Heat the olive oil on a medium heat, and fry the onions, chorizo and garlic for 4/5 minutes. Add the ground fennel, oregano, 1 tbsp of paprika, the bay leaves and tomatoes and simmer for about 15 minutes.

Add the water and white wine, allow to cool and refrigerate until required. Or you could leave it to simmer away whilst you fry up the fish if you’re doing it all on the same day! (Which is probably more likely 😉

Fry the Fish…
(If you did prepare the sauce the night before then bring it to a simmer now!)

Chop the fish into large pieces. Mix the flour with a tablespoon of paprika and season with salt.

Dredge the fish in the flour mixture – patting off as much excess as possible.

Heat olive oil to a medium heat and fry the fish for a couple of minutes on either side – or until just cooked through – this will depend on how thick your fish is!

Set aside.

Put it Together…
Add the pinto beans to the sauce and simmer for 5 minutes. Taste and adjust seasoning if required. Add the almonds, mussels, squid and prawns and cook for two minutes further.

Divide up the fried fish between the plates and spoon over the seafood sauce.

Serve with hunks of bread for mopping up the juices… for instance, my

Single Rise Spelt Bread!

Makes 2 2lb loaves

  • 6 cups wholemeal Spelt flour
  • 2 cups hand-warm water
  • 1 tbsp dried yeast
  • 2 tsp salt
  • 3 tbsp honey
  • 2 tbsp olive oil
  • Toasted sesame seeds to sprinkle

Activate the Yeast…
Dissolve the honey and yeast with one cup of the warm water. Cover and leave for 10 minutes until it starts to foam.

If it hasn’t started to foam after this time, try again – the water may have been too hot or too cold. If this doesn’t fix it may well be that your yeast is too old and needs to be replaced.

Prepare the Dough…
Add one cup of flour to the dough and mix well, then add the salt and the flour, cup by cup until it is all incorporated.

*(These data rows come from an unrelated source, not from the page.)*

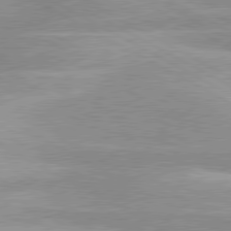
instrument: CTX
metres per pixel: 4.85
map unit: lApd
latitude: 80.2145
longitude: -124.7246
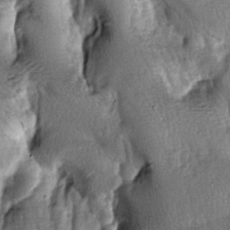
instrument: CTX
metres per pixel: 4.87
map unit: lAa
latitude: -6.3873
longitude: -125.7828
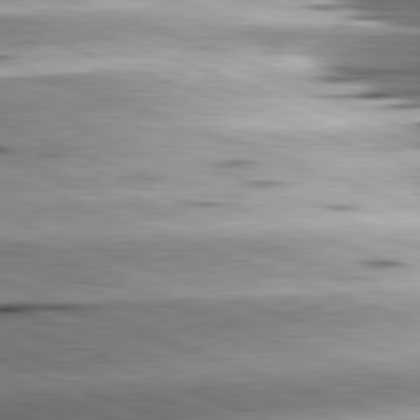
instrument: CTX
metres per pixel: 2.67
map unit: lApd
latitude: 81.5749
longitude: -151.7071
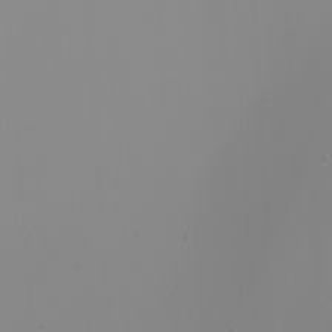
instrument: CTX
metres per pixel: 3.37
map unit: Nhu
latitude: -4.5384
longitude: -89.9151
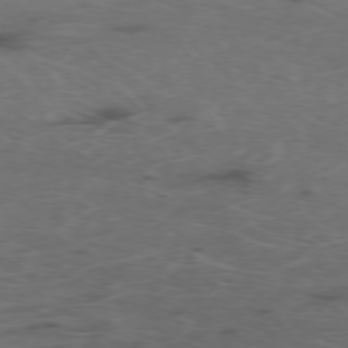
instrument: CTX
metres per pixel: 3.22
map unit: Ap
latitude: -76.1606
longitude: -66.5356
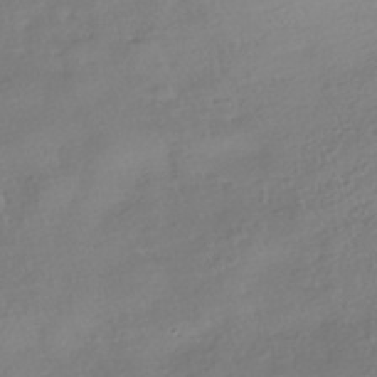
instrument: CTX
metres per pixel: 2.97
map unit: HNhu
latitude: -41.2187
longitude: 97.9178
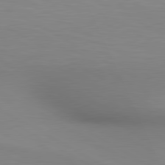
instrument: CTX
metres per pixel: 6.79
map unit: lApd
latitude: 80.3467
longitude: 132.8975
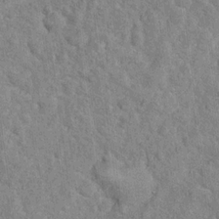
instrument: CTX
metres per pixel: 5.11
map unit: Hto
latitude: 14.1200
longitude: -34.1011
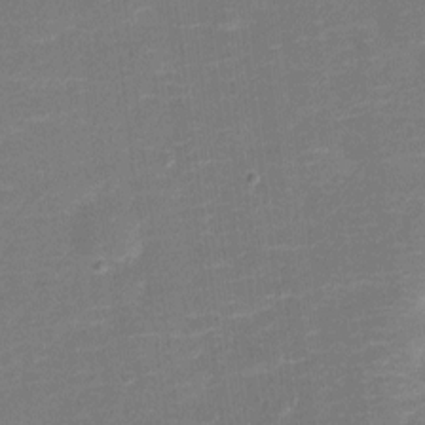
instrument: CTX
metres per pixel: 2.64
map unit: Nve
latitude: -20.3495
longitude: 103.6911
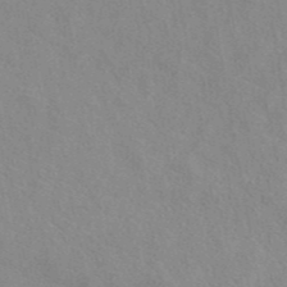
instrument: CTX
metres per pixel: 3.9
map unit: eAb
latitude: 44.1578
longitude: 109.7289
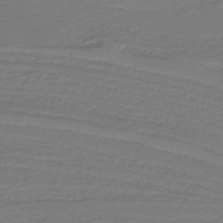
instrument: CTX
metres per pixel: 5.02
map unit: lHb
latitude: -42.7274
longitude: 52.4251
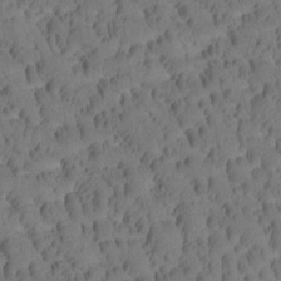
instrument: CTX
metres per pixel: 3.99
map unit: Htu
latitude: -3.5399
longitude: 172.8786
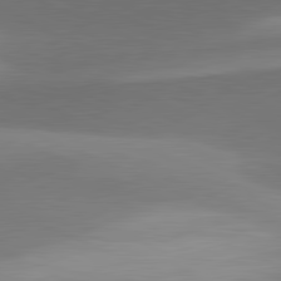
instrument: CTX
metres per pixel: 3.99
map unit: lApd
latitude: 81.4048
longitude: 129.8045
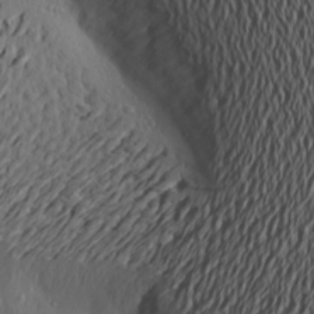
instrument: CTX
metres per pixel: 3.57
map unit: Aa
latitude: 19.1781
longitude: -144.1955
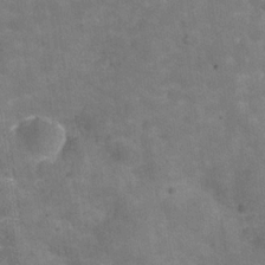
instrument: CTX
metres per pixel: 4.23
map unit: Hve
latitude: -30.4251
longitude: 93.4265
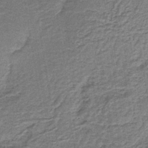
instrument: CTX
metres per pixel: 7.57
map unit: HNb
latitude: -39.3132
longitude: 50.8030
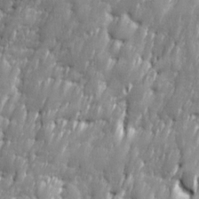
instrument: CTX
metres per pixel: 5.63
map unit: Ave
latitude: 16.0444
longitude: -135.6316
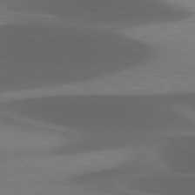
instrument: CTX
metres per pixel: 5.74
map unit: lApd
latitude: 78.6302
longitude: -48.8002
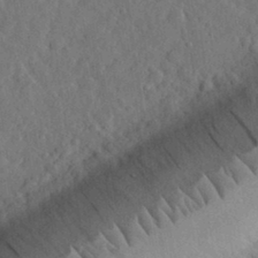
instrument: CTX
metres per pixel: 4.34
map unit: eHh
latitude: 31.2537
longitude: -74.3656
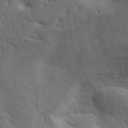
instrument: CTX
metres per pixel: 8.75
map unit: ANa
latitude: 41.5182
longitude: 51.4832
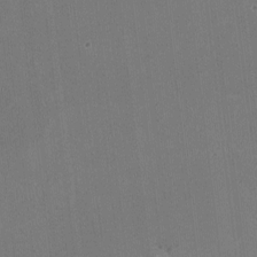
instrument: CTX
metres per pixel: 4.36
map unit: HNhu
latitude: -3.1242
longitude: -3.3670
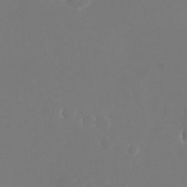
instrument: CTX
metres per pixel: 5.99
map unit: Nhu
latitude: -25.0108
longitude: -72.3279
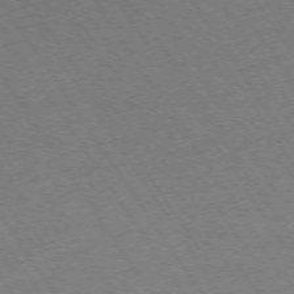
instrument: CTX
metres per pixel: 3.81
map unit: Ap
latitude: -73.3320
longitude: -71.2537
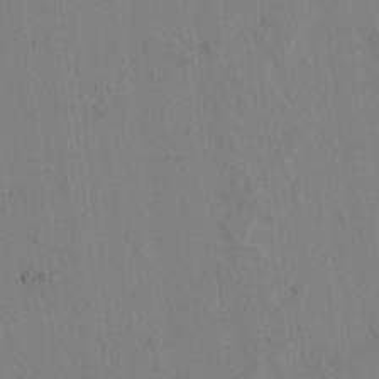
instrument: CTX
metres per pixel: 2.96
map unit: lAvf
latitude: 6.5735
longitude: 167.9745
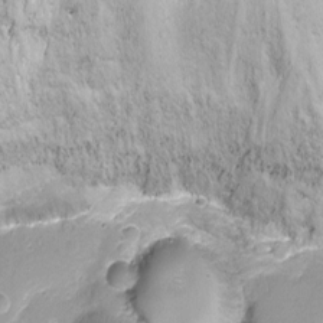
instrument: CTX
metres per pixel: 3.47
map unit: Nhu
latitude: -12.3684
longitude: -38.6112
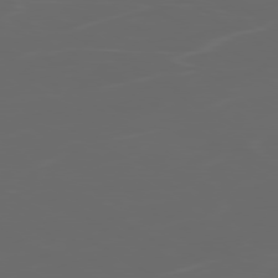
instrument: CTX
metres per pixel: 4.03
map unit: Ap
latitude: -80.0094
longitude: -71.4237
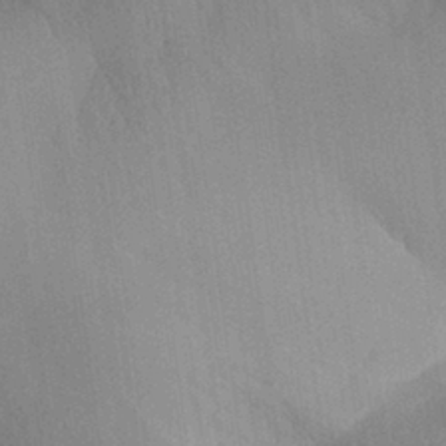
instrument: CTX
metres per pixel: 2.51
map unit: Aa
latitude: 30.4412
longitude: -144.1955
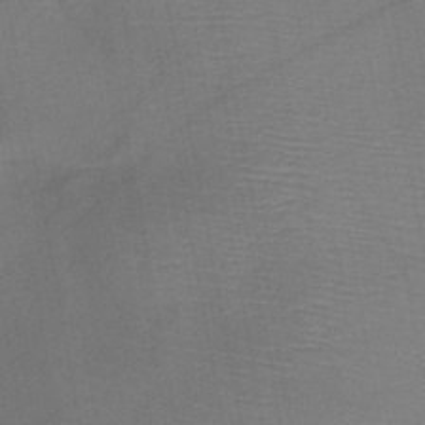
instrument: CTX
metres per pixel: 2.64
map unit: HNb
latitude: -46.2550
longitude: -40.4789
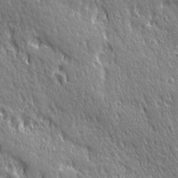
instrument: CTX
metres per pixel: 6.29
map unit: Ave
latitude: 21.3671
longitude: -135.7827
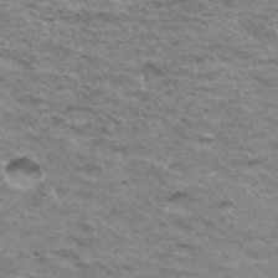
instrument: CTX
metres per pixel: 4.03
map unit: Hto
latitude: 36.0255
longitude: -43.4804

Turn out the dough and knead for 3 minutes – do not overwork the dough. The dough should be soft but not sticky.
Lightly grease 2 2lf loaf tins*. Divide the mixture in two, shape into loaf sausages and place in the tins. Cover in oiled clingfilm and put in a warm place to rise until doubled.
Spelt can be really fast rising – so start checking after about 45 minutes. In my case it took over an hour though.
Preheat oven to 180c.
Lightly brush the tops of the loaves with milk and sprinkle with the toasted sesame seeds.

Pop in the oven and bake for 45 minutes, or until golden brown and sounds hollow when tapped on the bottom. Smells good? We’re almost there!

Remove from the tin and put back in the oven for 5 minutes to crisp.

Place on a wire rack and allow to cool for at least 30 minutes before eating.

As well as an accompaniment to the fish stew – this made the most amazing sandwich bread – full of flavour!

* This is what I would have done if I’d had two loaf tins… I only had one – so I wrapped half of the dough in greased film and refrigerated it whilst the first loaf was rising – then let the second rise while the first was baking!)